President Obama, and many in Congress, strongly disagreed with
the Supreme Court’s decision in Ledbetter, which
led, ultimately, to the Ledbetter Act.
So what does the Ledbetter Act do? The
short answer is that it amends the following federal statutes:
(i) Title VII of the Civil Rights Act of 1964, which prohibits
discrimination in employment on the basis of race, color,
religion, sex or national origin; (ii) the Age Discrimination
in Employment Act, which prohibits discrimination against older
workers (40 and older); (iii) the Americans with Disabilities
Act, which prohibits discrimination against employees with
disabilities; and (iv) the Rehabilitation Act of 1973. If
you employ 15 or more employees, you are subject to Title VII
and the ADA. If you have 20 or more employees, you are
subject to the ADEA.
Okay, but what do the amendments to these laws
accomplish? The Ledbetter Act overturns the
Supreme Court’s decision by stating that an
“unlawful employment practice” occurs when: (1) a
discriminatory compensation decision or other practice is
adopted; (2) an individual becomes subject to a discriminatory
compensation decision or other practice; or (3) an individual
is affected by application of a discriminatory compensation
decision or other practice, including each time wages,
benefits, or other compensation is paid, resulting in whole
or in part from such a decision or other practice.
What does this mean for me as an
employer? This means that every time an employer
pays a paycheck or other benefit to an employee, the employee
may have a new cause of action under the Federal
anti-discrimination statutes if the employee asserts that the
compensation decision or “other practice”
(potentially very broad) violated the applicable statute when
made (regardless of how long ago the original decision or
action was made or taken) and, as a result, the
employee’s current pay or benefits are reduced.
Critics of the law point out that this opens up the possibility
that decisions made years, even decades earlier may be
actionable if the employee asserts a link between that earlier
decision or practice and the employee’s current pay or
benefits. Supporters of the law respond that this is
exactly why the law was needed - discriminatory pay decisions
can have lasting effects on employee and their future earnings
and benefits –employees may never “catch up”
or recover from past discriminatory actions.
Okay, but what should I do now? Remember
that the Ledbetter Act makes it easier for employees to bring
claims related to allegedly discriminatory compensation
decisions and other practices from the distant past.
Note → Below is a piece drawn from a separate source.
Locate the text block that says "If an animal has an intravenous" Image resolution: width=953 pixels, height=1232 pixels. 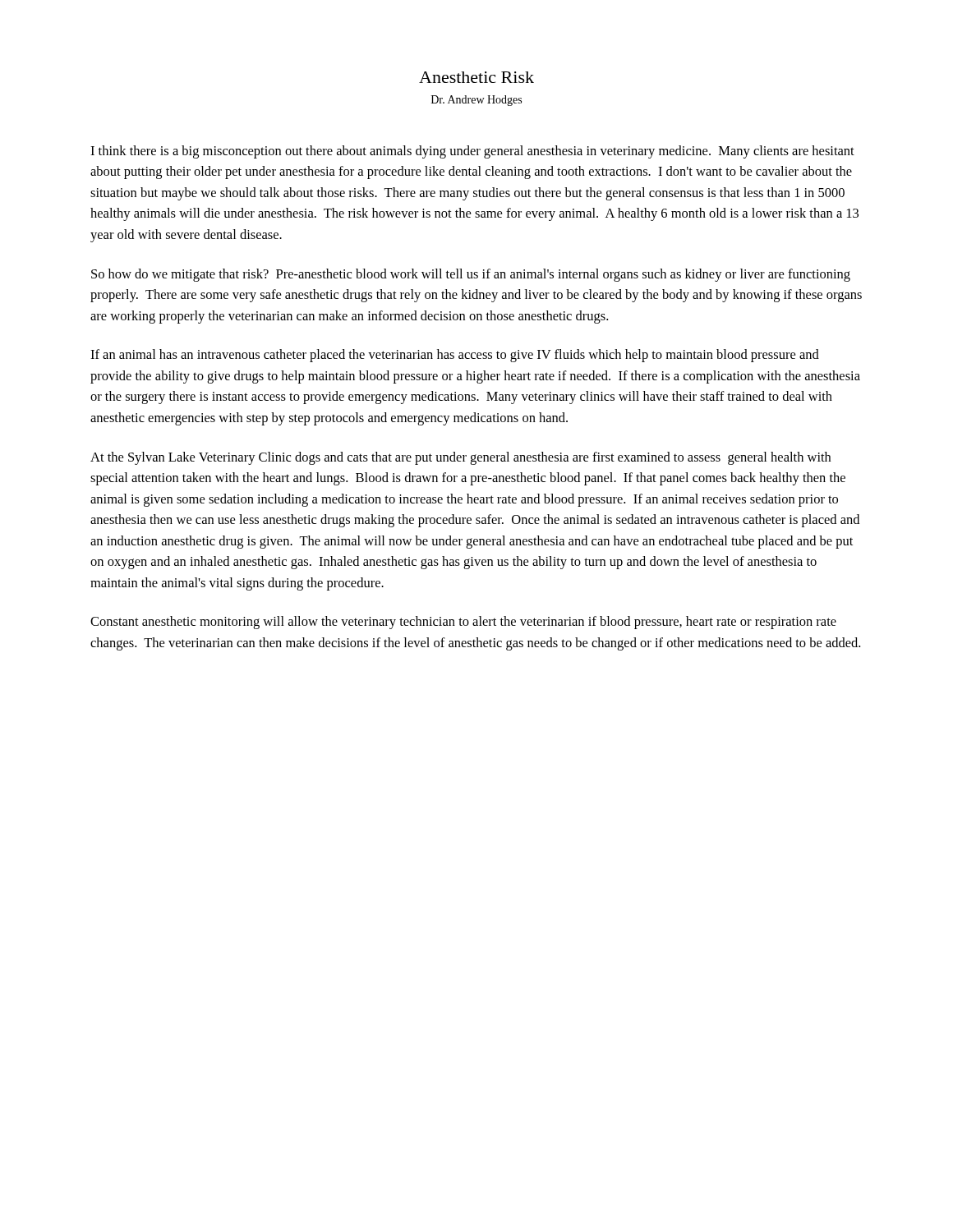[x=475, y=386]

Employers need to consider their records retention
policies. How long do you retain information for
employees relating to compensation decisions? You should
avoid (and must avoid if a complaint has been filed) discarding
information that you may need in the future if faced with an
allegation of a discriminatory activity related to employee
compensation. Consider whether the documentation you
maintain is sufficient in describing the basis for your
compensation decisions and practices. You may want to
re-evaluate your pay structure and how objective criteria
(length of service, experience, etc.) relate to more subjective
criteria (i.e. “performance”) in determining annual
raises. Now would be a great time to evaluate the level
of discretionary authority your managers have regarding
compensation matters – understand that these decisions
can be the basis for liability against the Employer. Be
sure that your managers are trained regarding illegal
discrimination in the work place, and understand how illegal
discrimination can give rise to wage discrimination
claims. If you have any past issues that are of concern,
consider seeking legal counsel to better understand your
potential legal exposure.
Anything else I should know about
Ledbetter? Yes, it has a retroactive effective
date of May 29, 2007 (the date of the Supreme Court decision
that the law overturns). Finally, to end on a positive
note, although the Ledbetter Act expands (or, depending on your
perspective, restores) employee rights in a manner that may
create some additional challenges and responsibilities for
employers, it does specifically preserve the provision under
Title VII limiting recovery of back pay by employees the two
year period preceding the filing of the discrimination charge.